How to test ID recognition algorithms?

As you might already know, we at Smart Engines are developing computer vision and document recognition systems, and are engaged in scientific research in this field. Our main focus for many years has been placed on solving problems related to recognition of identity documents, the algorithms and approaches to which we have been gladly sharing with the community of interest in our scientific articles. One of the critical problems with the preparation of those though was a lack of public datasets which we could use to demonstrate our achievements. Thus, for research purposes, two years ago we started working on an open collection of video clips, and now would like to share the results of our work with you.

What is this about?

The fact that smartphones and other portable devices have become a crucial element in any online service — especially when it comes to fintech, sharing economy, and the public sector, — has long been accepted. This is particularly relevant for those services that involve remote identification, where users have to provide their personal details from either a passport, driver’s license or a bank card. Manual data entry on a mobile device, as we all know, is not exactly the most convenient process, which is the reason most large companies have shifted towards introduction of various document recognition and analysis systems to simplify this procedure. And that is not the only reason why they integrate such technologies: those systems not only accelerate and simplify the data entry processes; they automate the document validity verification, thus detecting users who might have malicious intent. The major challenge here is that recognition systems have to perform well in any challenging, real-life environment — be it in a well-lit office, or on a suburban train platform at dusk — the technology has to keep its proclaimed standard.

There are several research teams around the world that are engaged in solving problems related to mobile recognition and analysis of documents in challenging conditions. Aside from the fact that this task is not easy in itself, the main problem here is that there is no data to test the results on. This is especially true for identity documents, open datasets of which, for good reason, simply don’t exist. As a result, there is nothing left for researchers to do but work with synthetically generated data (which does not really reflect the reality), and test their algorithms on either their own identity documents or publicly available samples, which are insufficient.

There are, of course, several open databases with samples of identification documents (i.e. PRADO or Edison). The images in these databases though, as a rule, do not reflect real use cases; and that is not the only concern — in most cases the images are also protected by copyright and are restricted for reuse with or without modification. Another problem with document datasets publicly available today is that they are insufficient for benchmarking the full recognition of identity documents cycle, especially when it comes to on-mobile and in the video stream recognition. Some of those datasets are provided below.

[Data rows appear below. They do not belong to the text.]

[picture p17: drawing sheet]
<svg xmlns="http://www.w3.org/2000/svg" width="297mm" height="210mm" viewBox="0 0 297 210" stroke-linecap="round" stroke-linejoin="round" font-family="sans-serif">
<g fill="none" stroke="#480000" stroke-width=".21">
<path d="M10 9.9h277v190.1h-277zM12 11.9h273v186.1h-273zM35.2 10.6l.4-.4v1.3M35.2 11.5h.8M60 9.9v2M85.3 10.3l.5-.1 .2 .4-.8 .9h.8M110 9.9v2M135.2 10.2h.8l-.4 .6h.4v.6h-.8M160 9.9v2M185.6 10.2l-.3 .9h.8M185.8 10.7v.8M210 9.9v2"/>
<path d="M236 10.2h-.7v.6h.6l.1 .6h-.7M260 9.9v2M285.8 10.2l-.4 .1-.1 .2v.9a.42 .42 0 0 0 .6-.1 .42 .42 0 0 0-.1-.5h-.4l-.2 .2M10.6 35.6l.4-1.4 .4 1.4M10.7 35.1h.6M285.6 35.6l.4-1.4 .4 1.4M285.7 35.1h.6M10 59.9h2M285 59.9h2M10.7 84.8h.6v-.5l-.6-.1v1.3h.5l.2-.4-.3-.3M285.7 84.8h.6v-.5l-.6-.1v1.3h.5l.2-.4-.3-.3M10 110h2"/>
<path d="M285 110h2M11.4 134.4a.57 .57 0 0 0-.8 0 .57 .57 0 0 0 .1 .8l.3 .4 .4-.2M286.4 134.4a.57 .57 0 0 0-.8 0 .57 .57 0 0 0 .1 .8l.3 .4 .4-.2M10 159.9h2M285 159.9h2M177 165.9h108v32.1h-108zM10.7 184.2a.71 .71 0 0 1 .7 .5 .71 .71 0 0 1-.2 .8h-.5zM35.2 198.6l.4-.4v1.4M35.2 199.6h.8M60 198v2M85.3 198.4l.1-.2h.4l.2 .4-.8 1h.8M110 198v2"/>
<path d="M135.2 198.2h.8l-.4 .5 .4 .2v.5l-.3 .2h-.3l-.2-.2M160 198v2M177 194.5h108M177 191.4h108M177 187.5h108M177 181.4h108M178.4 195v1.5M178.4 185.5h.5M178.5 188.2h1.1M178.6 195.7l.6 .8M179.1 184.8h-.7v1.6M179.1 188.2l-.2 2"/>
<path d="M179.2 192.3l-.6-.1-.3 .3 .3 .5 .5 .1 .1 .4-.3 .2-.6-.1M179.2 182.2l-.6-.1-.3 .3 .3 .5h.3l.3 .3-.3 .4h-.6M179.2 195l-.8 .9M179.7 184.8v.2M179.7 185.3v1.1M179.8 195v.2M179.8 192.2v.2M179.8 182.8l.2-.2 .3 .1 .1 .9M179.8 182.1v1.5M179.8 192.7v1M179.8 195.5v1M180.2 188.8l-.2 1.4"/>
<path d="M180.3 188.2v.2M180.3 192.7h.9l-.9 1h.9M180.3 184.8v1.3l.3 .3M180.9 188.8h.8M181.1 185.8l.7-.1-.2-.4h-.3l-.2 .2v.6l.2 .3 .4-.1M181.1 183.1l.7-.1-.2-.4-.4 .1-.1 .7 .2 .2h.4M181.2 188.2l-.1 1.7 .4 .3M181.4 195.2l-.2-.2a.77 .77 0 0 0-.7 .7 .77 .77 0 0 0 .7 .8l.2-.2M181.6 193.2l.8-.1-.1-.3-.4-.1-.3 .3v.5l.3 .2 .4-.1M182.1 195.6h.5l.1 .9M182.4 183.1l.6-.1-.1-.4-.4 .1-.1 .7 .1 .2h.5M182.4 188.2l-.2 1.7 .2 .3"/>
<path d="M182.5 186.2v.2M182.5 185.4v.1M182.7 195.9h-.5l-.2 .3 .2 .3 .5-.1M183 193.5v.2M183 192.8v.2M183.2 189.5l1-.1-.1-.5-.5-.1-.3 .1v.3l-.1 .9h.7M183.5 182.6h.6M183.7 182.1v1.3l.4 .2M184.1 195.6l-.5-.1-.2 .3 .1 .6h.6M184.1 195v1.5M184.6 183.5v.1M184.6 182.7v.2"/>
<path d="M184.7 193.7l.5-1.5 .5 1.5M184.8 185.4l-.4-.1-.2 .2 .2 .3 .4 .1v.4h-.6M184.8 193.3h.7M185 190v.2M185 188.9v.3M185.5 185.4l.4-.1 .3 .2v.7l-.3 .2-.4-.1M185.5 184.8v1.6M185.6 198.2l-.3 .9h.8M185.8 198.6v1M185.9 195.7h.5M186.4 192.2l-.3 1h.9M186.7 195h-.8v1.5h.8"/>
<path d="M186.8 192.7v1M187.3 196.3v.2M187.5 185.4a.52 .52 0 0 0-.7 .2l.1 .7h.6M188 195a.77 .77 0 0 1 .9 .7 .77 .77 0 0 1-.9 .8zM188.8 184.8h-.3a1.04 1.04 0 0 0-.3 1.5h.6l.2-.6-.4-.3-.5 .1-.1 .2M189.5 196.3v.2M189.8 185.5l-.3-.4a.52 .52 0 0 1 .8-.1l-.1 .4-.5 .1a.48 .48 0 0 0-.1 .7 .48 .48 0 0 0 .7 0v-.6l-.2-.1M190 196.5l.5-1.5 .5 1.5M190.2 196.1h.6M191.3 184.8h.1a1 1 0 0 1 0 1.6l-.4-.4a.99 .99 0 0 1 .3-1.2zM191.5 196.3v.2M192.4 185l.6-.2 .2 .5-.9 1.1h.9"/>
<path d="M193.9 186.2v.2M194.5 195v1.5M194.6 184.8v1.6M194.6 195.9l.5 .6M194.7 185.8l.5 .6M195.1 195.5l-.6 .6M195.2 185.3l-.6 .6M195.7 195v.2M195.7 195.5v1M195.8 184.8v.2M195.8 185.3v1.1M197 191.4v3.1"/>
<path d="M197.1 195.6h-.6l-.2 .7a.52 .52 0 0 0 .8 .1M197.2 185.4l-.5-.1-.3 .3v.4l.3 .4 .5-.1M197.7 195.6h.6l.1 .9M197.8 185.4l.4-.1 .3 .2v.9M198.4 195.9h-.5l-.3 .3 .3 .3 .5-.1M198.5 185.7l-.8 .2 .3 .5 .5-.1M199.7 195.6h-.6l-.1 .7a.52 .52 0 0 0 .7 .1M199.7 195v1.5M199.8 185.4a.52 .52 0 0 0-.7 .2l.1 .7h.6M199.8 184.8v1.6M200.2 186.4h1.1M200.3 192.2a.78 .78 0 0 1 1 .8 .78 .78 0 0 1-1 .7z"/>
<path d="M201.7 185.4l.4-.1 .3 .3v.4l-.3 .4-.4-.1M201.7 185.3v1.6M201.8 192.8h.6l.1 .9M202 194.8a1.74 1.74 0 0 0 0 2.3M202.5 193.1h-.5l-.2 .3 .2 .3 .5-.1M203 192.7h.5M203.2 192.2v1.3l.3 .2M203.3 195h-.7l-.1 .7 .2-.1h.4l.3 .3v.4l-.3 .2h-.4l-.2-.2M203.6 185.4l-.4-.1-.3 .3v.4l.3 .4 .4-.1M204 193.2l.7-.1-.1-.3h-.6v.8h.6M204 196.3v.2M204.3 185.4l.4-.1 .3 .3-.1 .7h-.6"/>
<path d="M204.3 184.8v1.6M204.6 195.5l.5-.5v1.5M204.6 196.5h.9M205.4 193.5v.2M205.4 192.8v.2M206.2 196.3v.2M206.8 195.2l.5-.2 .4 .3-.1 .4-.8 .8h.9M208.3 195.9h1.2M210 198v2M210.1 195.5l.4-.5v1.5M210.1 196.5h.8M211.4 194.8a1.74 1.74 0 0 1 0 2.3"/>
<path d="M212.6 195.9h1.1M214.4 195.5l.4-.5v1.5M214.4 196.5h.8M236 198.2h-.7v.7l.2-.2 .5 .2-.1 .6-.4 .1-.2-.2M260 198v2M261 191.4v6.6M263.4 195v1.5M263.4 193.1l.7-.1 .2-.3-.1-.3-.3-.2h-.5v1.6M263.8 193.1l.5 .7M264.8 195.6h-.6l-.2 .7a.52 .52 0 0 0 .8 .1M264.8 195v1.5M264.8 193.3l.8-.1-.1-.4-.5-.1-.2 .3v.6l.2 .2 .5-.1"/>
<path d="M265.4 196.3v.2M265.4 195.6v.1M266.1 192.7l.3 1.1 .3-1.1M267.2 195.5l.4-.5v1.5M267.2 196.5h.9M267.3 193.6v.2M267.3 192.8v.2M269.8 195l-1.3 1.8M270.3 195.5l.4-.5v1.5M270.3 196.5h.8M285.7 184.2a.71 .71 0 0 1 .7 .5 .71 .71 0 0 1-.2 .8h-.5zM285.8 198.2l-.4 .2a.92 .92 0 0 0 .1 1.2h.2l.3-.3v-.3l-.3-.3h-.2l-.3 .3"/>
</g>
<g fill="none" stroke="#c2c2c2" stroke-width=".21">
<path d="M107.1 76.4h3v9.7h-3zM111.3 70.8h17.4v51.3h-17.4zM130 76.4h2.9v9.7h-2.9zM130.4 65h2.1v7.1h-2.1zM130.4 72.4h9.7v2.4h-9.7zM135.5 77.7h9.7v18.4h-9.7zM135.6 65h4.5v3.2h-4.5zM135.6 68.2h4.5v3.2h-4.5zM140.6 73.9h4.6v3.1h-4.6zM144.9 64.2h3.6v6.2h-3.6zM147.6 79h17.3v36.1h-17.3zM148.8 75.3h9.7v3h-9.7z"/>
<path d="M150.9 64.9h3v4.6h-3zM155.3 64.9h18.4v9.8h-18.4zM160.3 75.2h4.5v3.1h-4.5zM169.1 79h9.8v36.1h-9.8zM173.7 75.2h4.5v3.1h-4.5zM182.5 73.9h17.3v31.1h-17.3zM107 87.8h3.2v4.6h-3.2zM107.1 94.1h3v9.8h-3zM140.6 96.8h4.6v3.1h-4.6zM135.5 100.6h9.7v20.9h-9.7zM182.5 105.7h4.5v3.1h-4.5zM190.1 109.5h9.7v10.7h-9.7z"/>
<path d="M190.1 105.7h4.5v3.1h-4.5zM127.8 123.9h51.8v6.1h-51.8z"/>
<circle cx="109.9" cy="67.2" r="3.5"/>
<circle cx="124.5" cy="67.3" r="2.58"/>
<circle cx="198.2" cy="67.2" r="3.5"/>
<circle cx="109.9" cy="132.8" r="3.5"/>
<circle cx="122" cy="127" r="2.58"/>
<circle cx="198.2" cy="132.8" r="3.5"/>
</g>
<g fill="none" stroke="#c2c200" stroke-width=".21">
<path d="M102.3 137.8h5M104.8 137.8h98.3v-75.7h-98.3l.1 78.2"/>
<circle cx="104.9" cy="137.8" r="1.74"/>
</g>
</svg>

Document detection and localization 10.1109/ICDAR.2015.7333943

Text segmentation arXiv:1601.07140

Document image binarization 10.1109/ICDAR.2017.228

Optical character recognition MNIST, Uber-Text

Image super-resolution 10.1109/ICDAR.2017.306

Document forensics 10.1109/EST.2017.8090394

Document image classification 10.1109/ICDAR.2015.7333910

Document layout analysis 10.1109/ICDAR.2009.271, 10.1109/ICDAR.2017.229

Document image quality assessment 10.1007/978–3–319–05167–3_9, 10.1109/ICDAR.2015.7333960

Since we are particularly interested in the algorithms for processing and recognition of identity documents in the video stream received from the mobile device’s camera, we have decided to create a dataset that will contain short videos of several different ID documents shot under various conditions. Why are videos so important? Firstly, analysis of several consecutive frames allows using various filtering and refinement techniques when solving one of the main challenges for document recognition systems, which is document location and type classification. Secondly, to solve the problem of choosing the best representation of an object (the best full image of the document, for example, or the best personal photo), one needs a dataset that contains multiple frames. Thirdly, having multiple images of the same object helps to improve the recognition accuracy by combining the results from multiple frames.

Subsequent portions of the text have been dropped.